Reflection Questions
Reflect on your current or prior practice experiences.
- Paragraph One
- Patients of any age, gender, cultural background or socio-economic status can be victims of violence. Consider a patient population you are currently working with or have worked with in the past. For what type of violence might they be at risk? What are some related findings that might alert you to investigate further?
- Paragraph Two
- Screening for signs of violence and abuse is a part of patient health history assessments. Have you observed the questions being asked by nurses or have you asked them to patients? Do you believe these screenings are typically completed in detail? Explain your answer.
Grading
To view the grading criteria/rubric, please click on the 3 dots in the box at the end of the solid gray bar above the discussion board title and then Show Rubric. See Syllabus for Grading Rubric Definitions.
SAMPLE SOLUTION
I tend to work with older adult/geriatric patients in my day-to-day practice. This population is typically more vulnerable to neglect as opposed to outright violence and abuse. I fortunately cannot say that I have witnessed any violence or evidence of violence toward my patients, however this is not always easy to see. Most often, I will see cases of neglect from when my patient is admitted from a SNF or from home when they require the aid of a caregiver. It usually takes the form of weight loss, pressure ulcers that are worsening, moisture damage from incontinence, etc. A small handful of times, I have had patients admitted from trauma who were gunshot wound victims, but the evidence of violence for them is quite obvious and the police are almost always conducting an investigation.

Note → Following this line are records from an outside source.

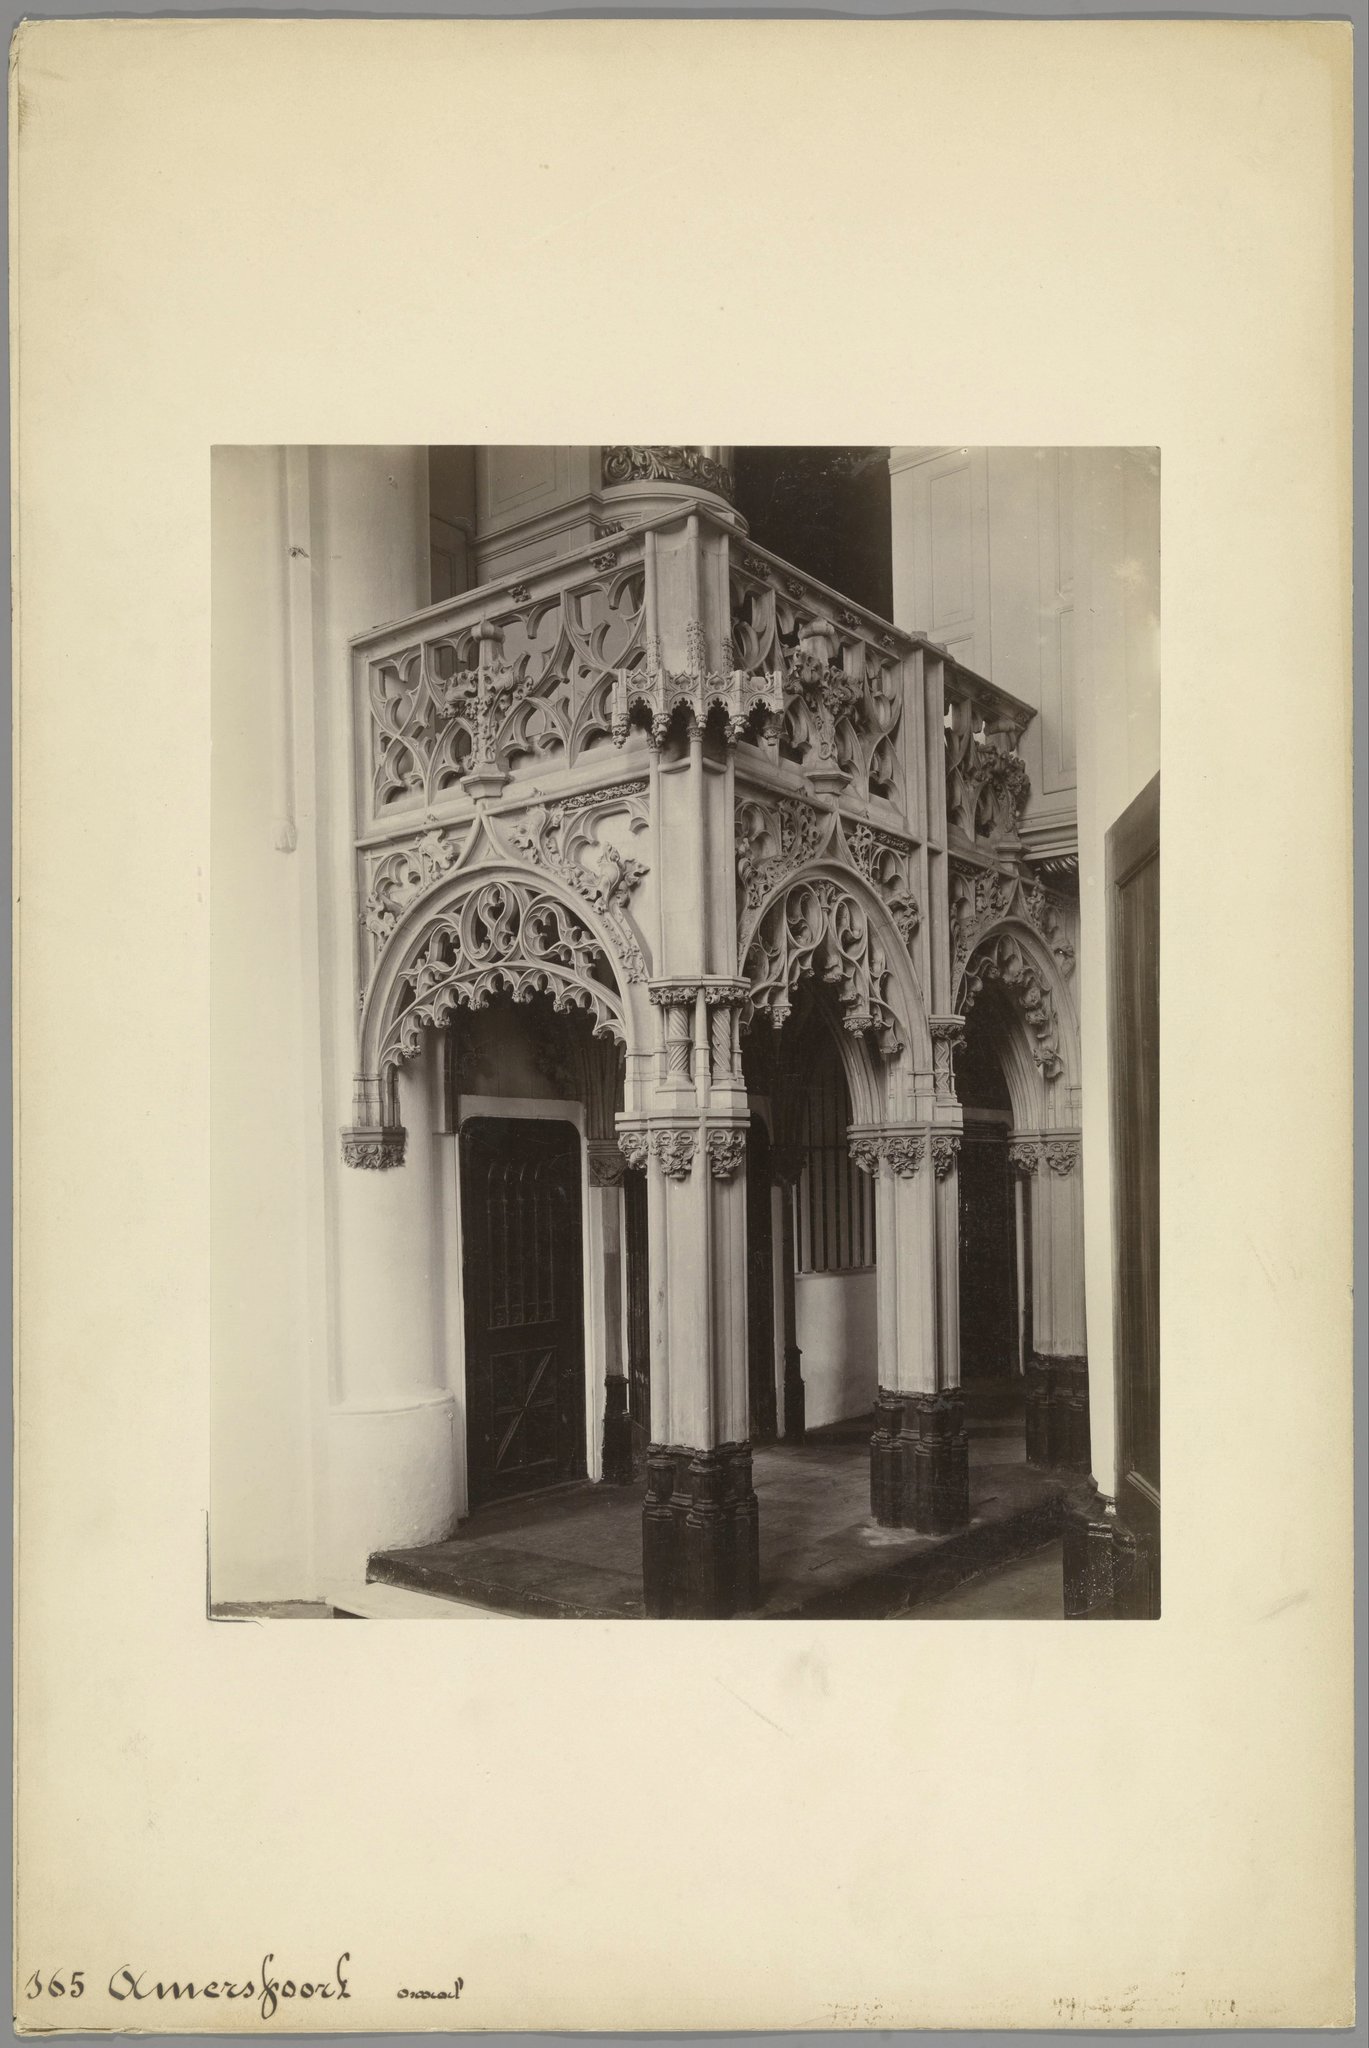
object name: photograph
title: Doksaal van de Sint-Joriskerk te Amersfoort
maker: johannes gerardus kramer
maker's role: fotograaf
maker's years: 1845-1903
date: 1875-1900
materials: cardboard, photographic support
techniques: albumen print
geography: amersfoort
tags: rood-screen, choir-screen; iconostasis
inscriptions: number: ‘365’, collector's mark: Lugt 3937, name: ‘J.G. Kramer Groningen’

Most of our patients are transferred from the ICU, but in the few times we admit a patient, we have a screening tool on our EHR that we are required to fill out upon admission. Most of the questions regarding abuse and neglect are asked to the patient directly. I tend to ask a single, open-ended question to my patients: “Do you feel safe at home?” and then extrapolate from there. This question is purposefully vague because I want my patient to tell me about anything in their home that concerns them. Recently, one of my patients expressed concern because his house had no power and he could not refrigerate his IV inotrope for his home pump. Other patients express concern about mobility. Some patients express concern about not having enough help at home, but I do not believe I have ever had someone report outright abuse to me. In addition to screening questions, we are also required to perform a two-person skin check to look for any wounds or skin conditions present when the patient is admitted. I have yet to witness any wounds that appear inflicted by another person.